Now, every time a different random sequence is needed, a seed is obtained by reading the computer's clock. The principle behind this is that since it is impossible to know the exact moment when a program is started, each program start can be considered as obtaining a random number to be used as a seed.
Therefore, it can be anticipated that the resulting random number sequence is unpredictable, because we do not know what the random number seed will be.
Creating Random Number Seeds
local seed = math.randomseed(x [, dist])
Parameters
| Parameter | Meaning |
|---|---|
x | Random number seed, which will return different random numbers based on different input values. If different values are needed each time, the random number seed x can be set to the current time. |
dist | Random number distribution (optional parameter). If not set, it defaults to a uniform distribution. If this parameter is set, mu and sigma can also be set as parameters for the corresponding distribution. |
The dist parameter can be set with three types of distribution:
'normal': Normal distribution'exponential': Exponential distribution'poisson': Poisson distribution
In addition, the parameters for these distributions can also be set, where the mu key represents the mean and the sigma key represents the variance.
Example
-- Create a random number seed for Poisson distribution
local seed = math.randomseed(os.time(), {distribution = "poisson", mu = "3"}) -- Poisson distribution with a mean of 3
-- Output random number
print(seed:random())
Program Control
The program control mentioned in this article mainly refers to how to use the buttons in the user interface to control the program's operation, including pausing, resuming, stopping, etc.
Command Bar
It mainly refers to the first 3 buttons in the command bar.
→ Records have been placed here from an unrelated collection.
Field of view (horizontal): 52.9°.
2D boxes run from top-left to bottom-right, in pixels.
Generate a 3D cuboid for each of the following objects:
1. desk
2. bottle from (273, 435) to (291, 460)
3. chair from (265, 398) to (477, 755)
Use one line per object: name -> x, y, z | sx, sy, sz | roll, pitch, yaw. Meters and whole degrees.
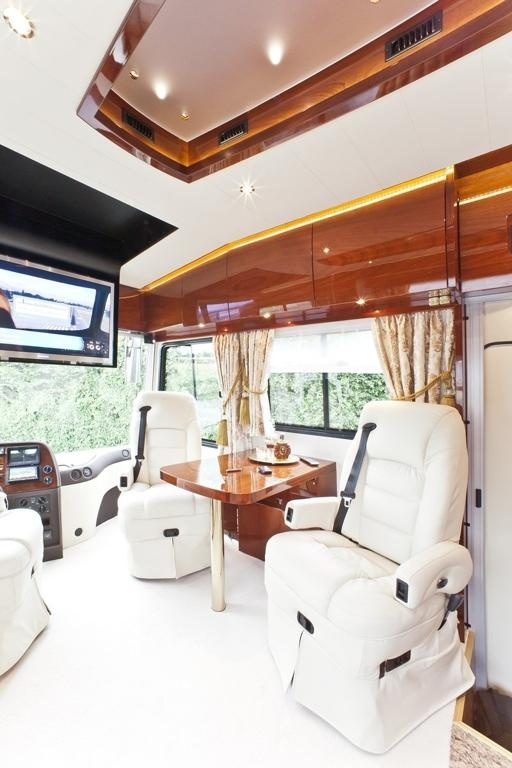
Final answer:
desk -> -0.018, 0.801, 2.921 | 0.633, 0.638, 0.973 | -1, 1, 29
bottle -> 0.168, 0.405, 3.248 | 0.124, 0.182, 0.090 | 3, 3, 30
chair -> 0.484, 0.680, 2.221 | 0.860, 1.119, 0.820 | -6, 10, -40

Program control in MicroCity Web mainly refers to the pause, resume, and stop of 3D interface rendering implemented through the scene object, with specific functions as follows:
local state = scene.render()
Here, the return value of scene.render() is stored in the variable state, and the value of the state variable is either true or false, representing the program's running state as running or terminated (button 3 pressed in the command bar).
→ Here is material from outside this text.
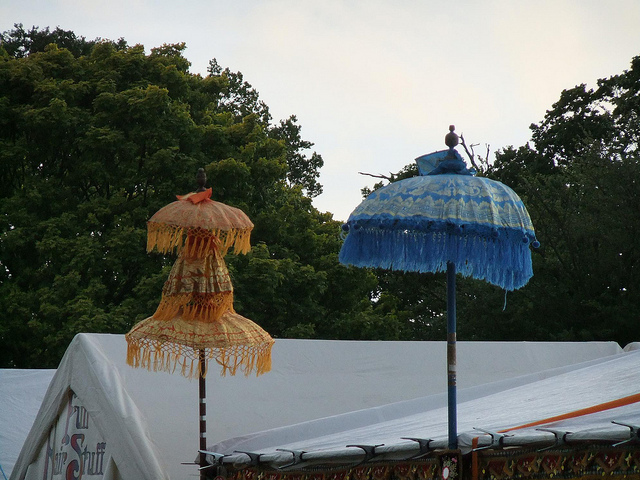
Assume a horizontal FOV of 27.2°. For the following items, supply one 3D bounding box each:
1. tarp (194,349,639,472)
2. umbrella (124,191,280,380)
[{"bbox_3d":[2.042,2.981,22.874,7.276,2.177,4.817,-4,-12,20],"label":"tarp"},{"bbox_3d":[-2.037,0.601,22.381,2.526,3.111,2.570,5,5,44],"label":"umbrella"}]

The pause of rendering of 3D objects is also achieved by calling scene.render(). If refreshing 3D objects is achieved by continuously calling the scene.render() function and the refresh interval is not controlled by os.sleep(), it is possible to pause the rendering at a certain state on the 3D interface. This is because if the movement speed of 3D objects is controlled by os.sleep(), clicking the pause button might happen during the os.sleep() process, causing the program to not respond immediately and thus making the pause button ineffective. Therefore, it is recommended to avoid using os.sleep() for controlling the motion speed of 3D objects, and instead control the advancement duration by adding other parameters to achieve the purpose of controlling the speed of 3D object movement.
This post is translated using ChatGPT, please feedback if any omissions.